══ Material provided ══
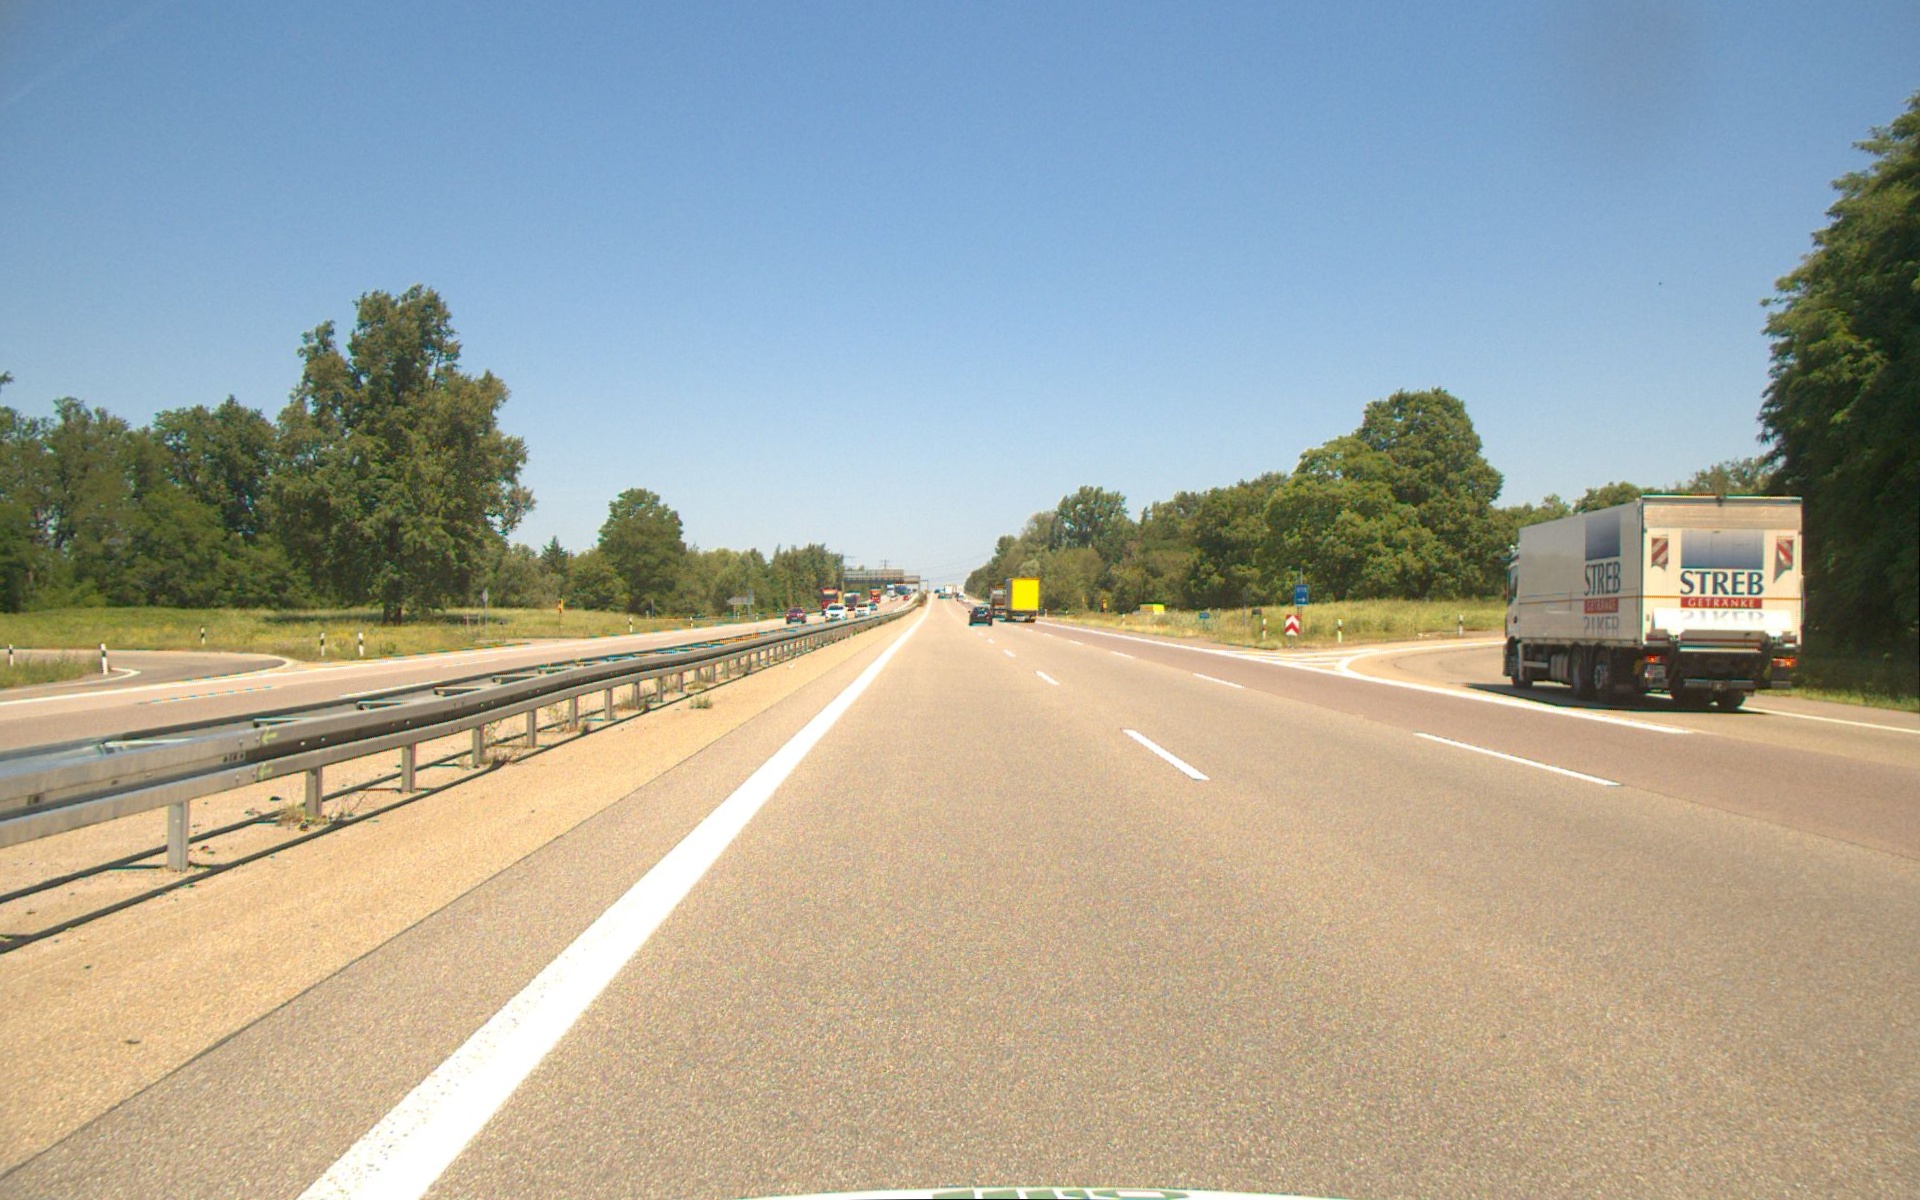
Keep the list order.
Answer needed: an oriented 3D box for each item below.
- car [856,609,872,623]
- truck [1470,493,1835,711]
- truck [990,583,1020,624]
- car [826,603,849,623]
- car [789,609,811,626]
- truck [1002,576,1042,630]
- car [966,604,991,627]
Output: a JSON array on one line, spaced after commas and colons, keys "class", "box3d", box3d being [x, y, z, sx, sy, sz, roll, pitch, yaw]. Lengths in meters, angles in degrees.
[{"class": "car", "box3d": [-12.005, 1.935, 206.535, 1.774, 1.722, 5.124, 0, 0, -1]}, {"class": "truck", "box3d": [12.560, 0.058, 31.443, 2.965, 3.377, 10.775, 1, 0, 3]}, {"class": "truck", "box3d": [5.650, 0.468, 209.645, 3.298, 4.966, 15.084, 1, 0, 0]}, {"class": "car", "box3d": [-10.824, 1.135, 146.621, 1.726, 1.722, 4.818, 0, 0, -1]}, {"class": "car", "box3d": [-15.095, 1.606, 156.327, 1.726, 1.521, 4.074, -2, 0, -1]}, {"class": "truck", "box3d": [6.062, 0.302, 162.968, 3.308, 4.966, 15.084, 1, 0, 0]}, {"class": "car", "box3d": [1.411, 1.194, 126.741, 1.790, 1.736, 3.999, 1, 0, -1]}]
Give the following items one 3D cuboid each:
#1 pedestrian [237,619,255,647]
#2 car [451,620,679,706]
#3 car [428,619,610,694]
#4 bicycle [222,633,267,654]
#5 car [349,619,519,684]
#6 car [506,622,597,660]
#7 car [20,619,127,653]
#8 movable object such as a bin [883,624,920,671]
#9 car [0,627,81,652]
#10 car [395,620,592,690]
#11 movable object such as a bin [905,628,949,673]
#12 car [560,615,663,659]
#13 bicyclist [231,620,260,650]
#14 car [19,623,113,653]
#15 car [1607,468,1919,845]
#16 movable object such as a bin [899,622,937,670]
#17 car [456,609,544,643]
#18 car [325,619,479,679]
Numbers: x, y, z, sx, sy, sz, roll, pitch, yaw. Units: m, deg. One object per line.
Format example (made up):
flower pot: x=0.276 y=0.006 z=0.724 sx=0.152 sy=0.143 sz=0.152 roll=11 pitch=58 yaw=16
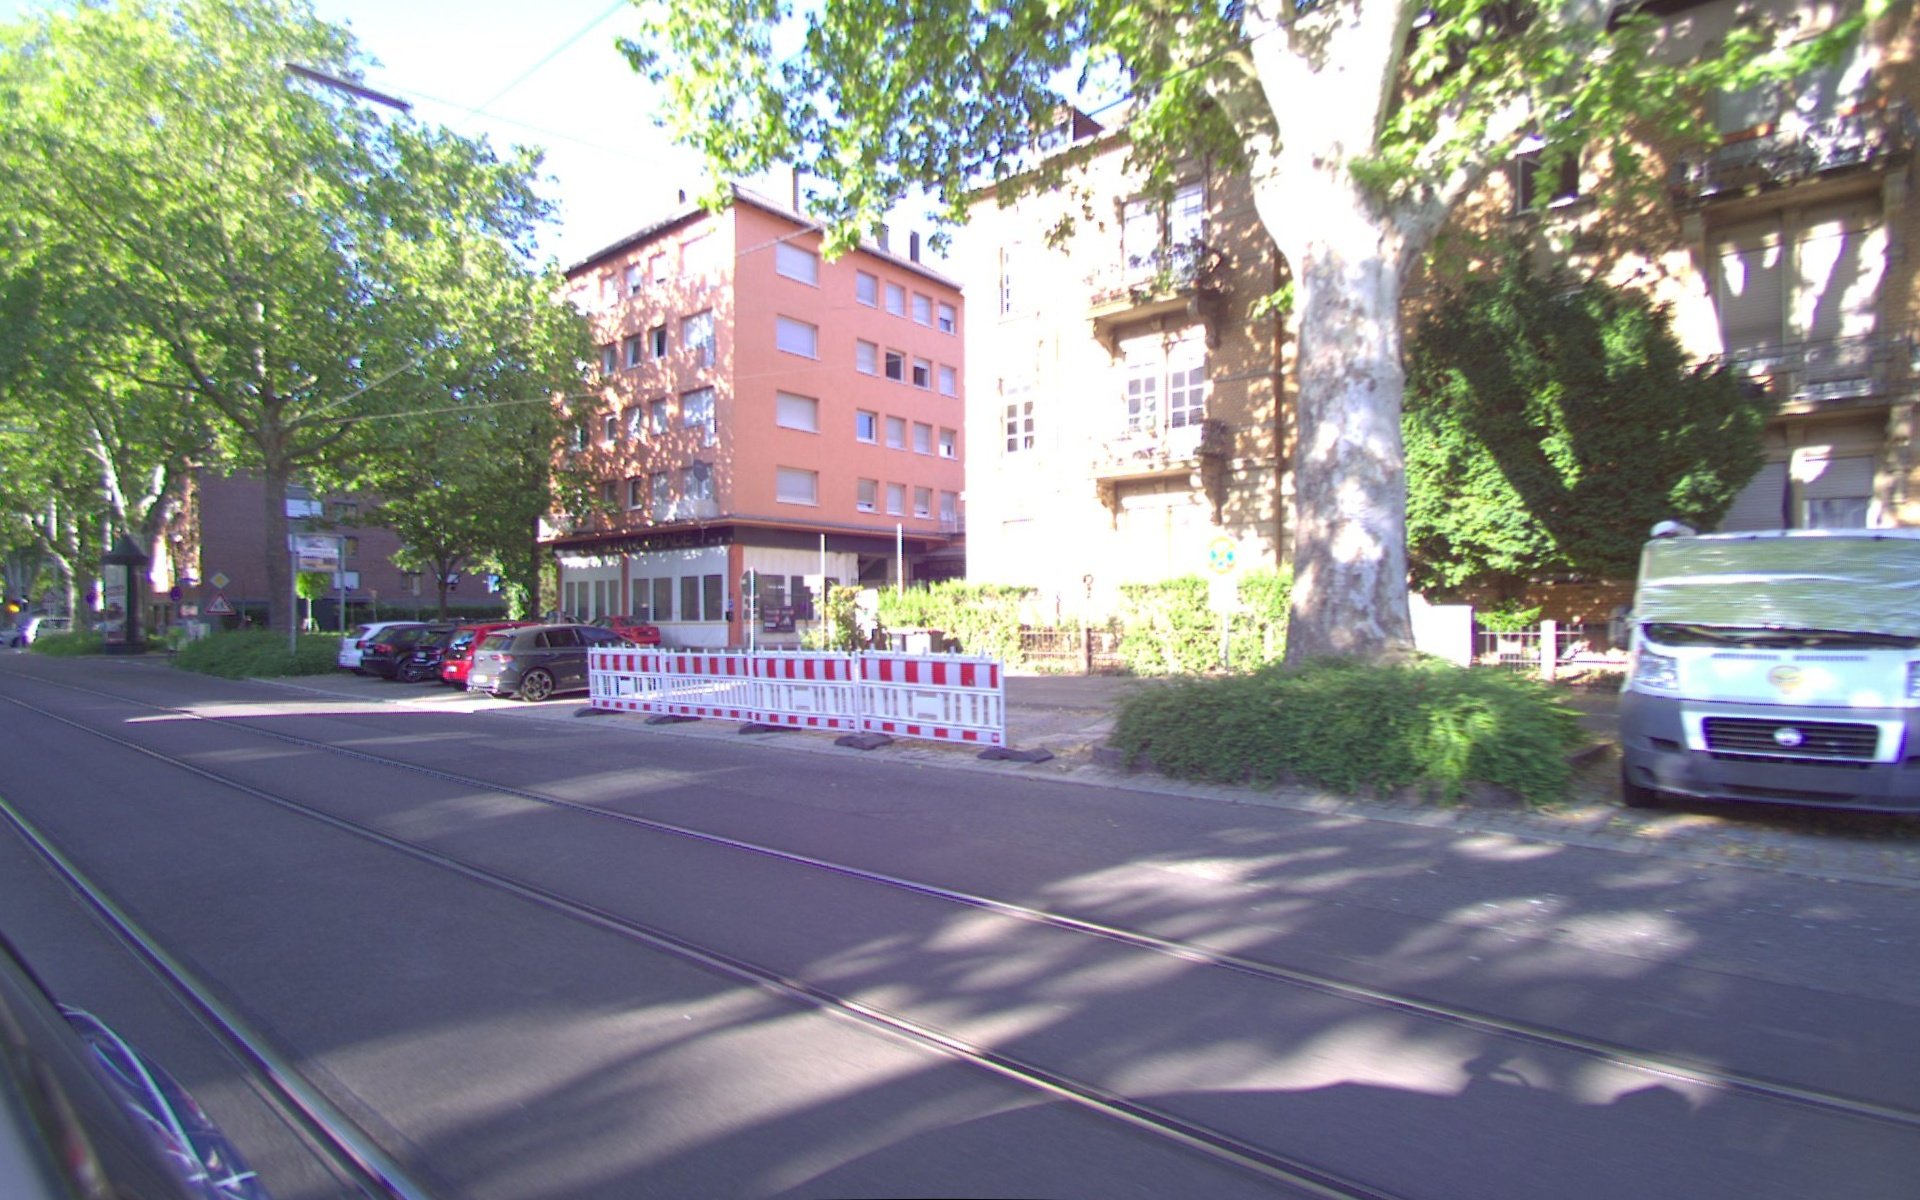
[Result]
pedestrian: x=-43.471 y=2.010 z=61.607 sx=0.779 sy=1.686 sz=0.702 roll=-1 pitch=0 yaw=41
car: x=-7.983 y=1.210 z=20.730 sx=1.853 sy=1.476 sz=3.946 roll=-1 pitch=0 yaw=40
car: x=-9.987 y=1.216 z=23.068 sx=1.759 sy=1.476 sz=3.382 roll=-1 pitch=0 yaw=43
bicycle: x=-36.905 y=2.248 z=52.181 sx=2.574 sy=1.006 sz=0.961 roll=-1 pitch=0 yaw=31
car: x=-13.656 y=1.286 z=26.388 sx=1.687 sy=1.476 sz=3.562 roll=-1 pitch=0 yaw=43
car: x=-16.733 y=1.651 z=41.379 sx=3.891 sy=1.418 sz=1.927 roll=-1 pitch=0 yaw=42
car: x=-52.935 y=2.095 z=60.498 sx=1.937 sy=1.848 sz=4.525 roll=-1 pitch=0 yaw=39
movable object such as a bin: x=-1.427 y=1.152 z=24.879 sx=0.543 sy=1.118 sz=0.716 roll=-1 pitch=0 yaw=42
car: x=-61.623 y=2.600 z=67.147 sx=1.953 sy=1.471 sz=4.717 roll=-1 pitch=0 yaw=39
car: x=-11.403 y=1.278 z=24.920 sx=1.821 sy=1.476 sz=4.038 roll=-1 pitch=0 yaw=43
movable object such as a bin: x=-0.777 y=1.175 z=23.793 sx=0.736 sy=1.030 sz=0.714 roll=-1 pitch=0 yaw=43
car: x=-13.041 y=1.349 z=37.808 sx=3.999 sy=1.498 sz=1.927 roll=-1 pitch=0 yaw=42
bicyclist: x=-36.781 y=1.799 z=52.100 sx=1.113 sy=1.518 sz=0.794 roll=-1 pitch=0 yaw=31
car: x=-55.190 y=2.316 z=62.530 sx=1.900 sy=1.659 sz=4.098 roll=-1 pitch=0 yaw=39
car: x=6.891 y=0.327 z=8.429 sx=2.082 sy=2.276 sz=4.986 roll=-1 pitch=0 yaw=38
movable object such as a bin: x=-1.018 y=1.105 z=24.503 sx=0.560 sy=1.118 sz=0.715 roll=-1 pitch=0 yaw=42
car: x=-21.412 y=1.219 z=47.104 sx=3.986 sy=1.504 sz=1.799 roll=-1 pitch=0 yaw=31
car: x=-15.508 y=1.320 z=28.214 sx=1.697 sy=1.476 sz=3.382 roll=-1 pitch=0 yaw=43
═══
(Task requirements):
Your answer must be the exact lines of the records from the first one through the line containing "- car [966,604,991,627]", with no pictures in it.

(Answer for the task):
Keep the list order.
Answer needed: an oriented 3D box for each item below.
- car [856,609,872,623]
- truck [1470,493,1835,711]
- truck [990,583,1020,624]
- car [826,603,849,623]
- car [789,609,811,626]
- truck [1002,576,1042,630]
- car [966,604,991,627]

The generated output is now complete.